More recent TTI research projects investigated the accuracy, reliability, cost, and user-friendliness of various non-intrusive detectors in seeking viable replacements for inductive loops (12, 13, 14).  TTI tested the Autoscope Solo Pro video image detection system (VID), Iteris Vantage (VID), SAS-1 by SmarTek (acoustic), and RTMS by EIS (radar).  TTI initially field-tested devices in low-volume conditions at one of its testbeds in College Station with subsequent more demanding tests at another testbed on I-35 in Austin.  More information is available on results of the latest tests in the Advanced Traffic Detection Techniques section of this paper.

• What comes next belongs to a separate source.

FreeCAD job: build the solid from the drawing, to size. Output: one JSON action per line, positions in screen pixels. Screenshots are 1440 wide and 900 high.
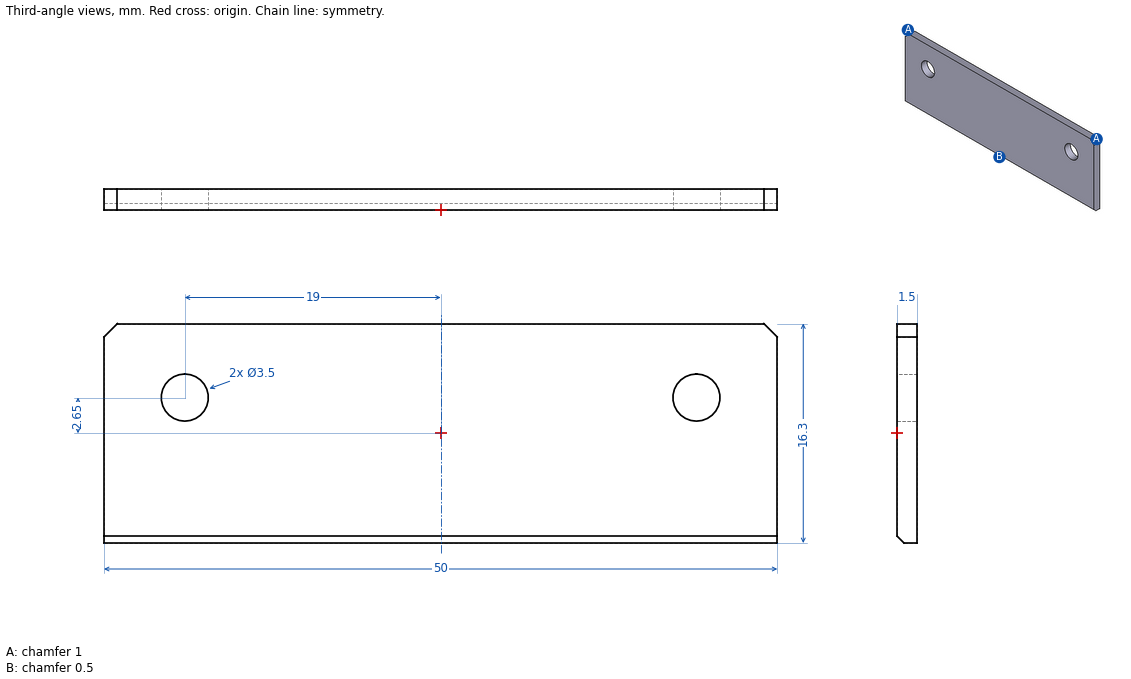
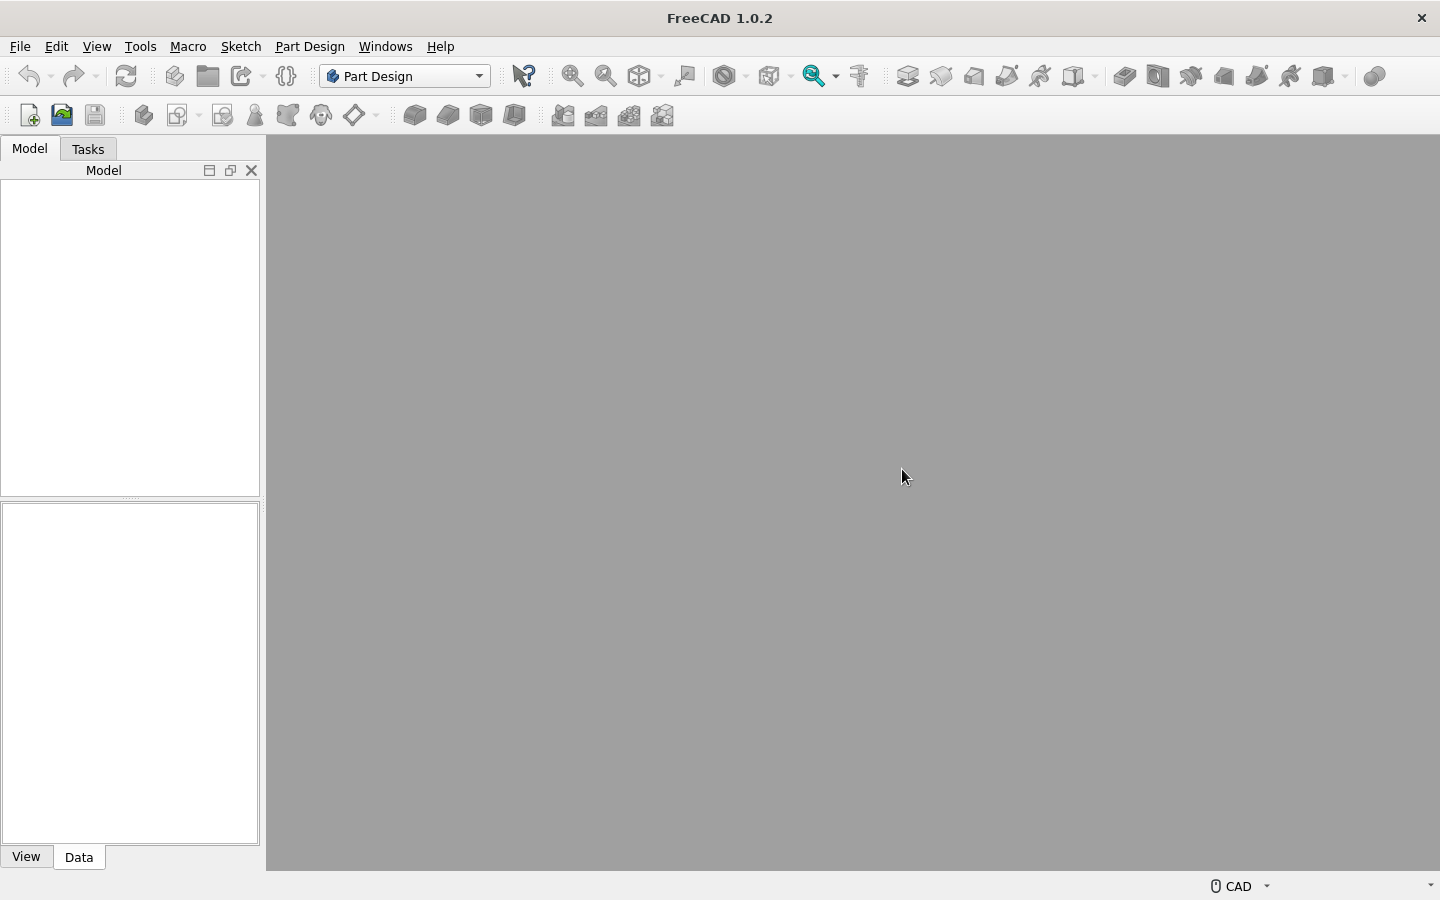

Innovative Contracting Methods

A few agencies around the country have already invested resources in developing new contracting methods as a means of ensuring data quality at its source.  Performance criteria in contracts, while not common, are beginning to be considered by DOTs as a method to transfer some of the risk and maintenance requirements to contractors.  The following text provides examples from Virginia and Ohio showing the potential that can be tapped though innovative contracting methods.

 

The Virginia Department of Transportation (VDOT) at the Hampton Roads Traffic Management Center uses contractors for support of its day-to-day operations.  The TMC monitors 19 centerline miles (soon to be 50 centerline miles) of freeway and collects all the data in-house for its own use for freeway operations.  The TMC accomplishes the necessary maintenance on the detection system through hiring contractor personnel who are supervised by VDOT personnel.  The contractor staff answers to the TMC director and two other VDOT personnel to conduct field maintenance and operations and maintaining detection equipment.  VDOT plans to continue using its own staff for maintaining some items like surveillance cameras.  VDOT makes the determination of when maintenance is needed, using both a preventive maintenance program and a reactive maintenance program for detectors and related equipment (15). 

 

For the reactive maintenance mode, identification of problems occurs in various ways.  A few problem notifications come from motorists, but the more common method of identifying problems is through an alarm system built into the TMC that calls attention to a problem.  That alarm alerts “controllers” in the TMC that are monitoring the system health in real time.  If a camera fails, for example, controllers notice it first.  For the routine maintenance mode, VDOT goes through comprehensive diagnostic checks in the field when contractor personnel visit a site. 

 

VDOT treats contractor personnel as an extension of its own staff, apparently giving the TMC director even more latitude to add or remove contractor personnel compared to VDOT staff.  If contractor personnel are not performing to VDOT’s expectations, they can be removed immediately.  By the same token, VDOT also recognizes above average contractor performance by acknowledging them, as they do VDOT employees, in their periodic newsletters.  VDOT offers no cash incentives, however, for good performance (15).

 

Training of contractor personnel is accomplished in different ways.  For field maintenance, VDOT provides training to both its own and contractor personnel with no distinction.  The contractor is also responsible to provide a staff that is technically competent.  Sometimes the training provided by VDOT comes from the Virginia Transportation Research Council (VTRC) as workshops are made available or from other organizations such as FHWA that make training available in the local area.  They also occasionally send people out-of-state for training.  The TMC operation does not borrow from others within VDOT (e.g., traditional data collection) for maintenance needs (15). 

 

The second example in Virginia is the VDOT Mobility Management Section (traditional data collection), which leases its traffic counters and modems from Digital Traffic Systems (DTS).  However, VDOT owns the sensors such as inductive loops and piezoelectric sensors.  Since 1996, VDOT has contracted the data collection activity, and leased data collection equipment.  The current maintenance agreement with DTS is carefully written to assign responsibilities and minimize “finger pointing.” There are cases where difficulties might otherwise arise, such as with traffic counters that did not work due to faulty piezoelectric sensors.  A state inspector checks the equipment once a year, but if there are substantial errors in the data, the contractor has to re-collect the data (16). 

 

VDOT has established performance based lease criteria for payment of data collection services.  Contractor compensation is based on the amount of acceptable data being submitted by the contractor.  Furthermore, VDOT requires a certain quantity of acceptable data from each site to be able to use that site for traffic factor creation.  The list below summarizes some key elements of the agreement (16). 

 

·        There will be full payment for all Automatic Traffic Recorders (ATRs) and modems at sites with 25 or more days of useable classification and volume data (for factor creation) during a calendar month.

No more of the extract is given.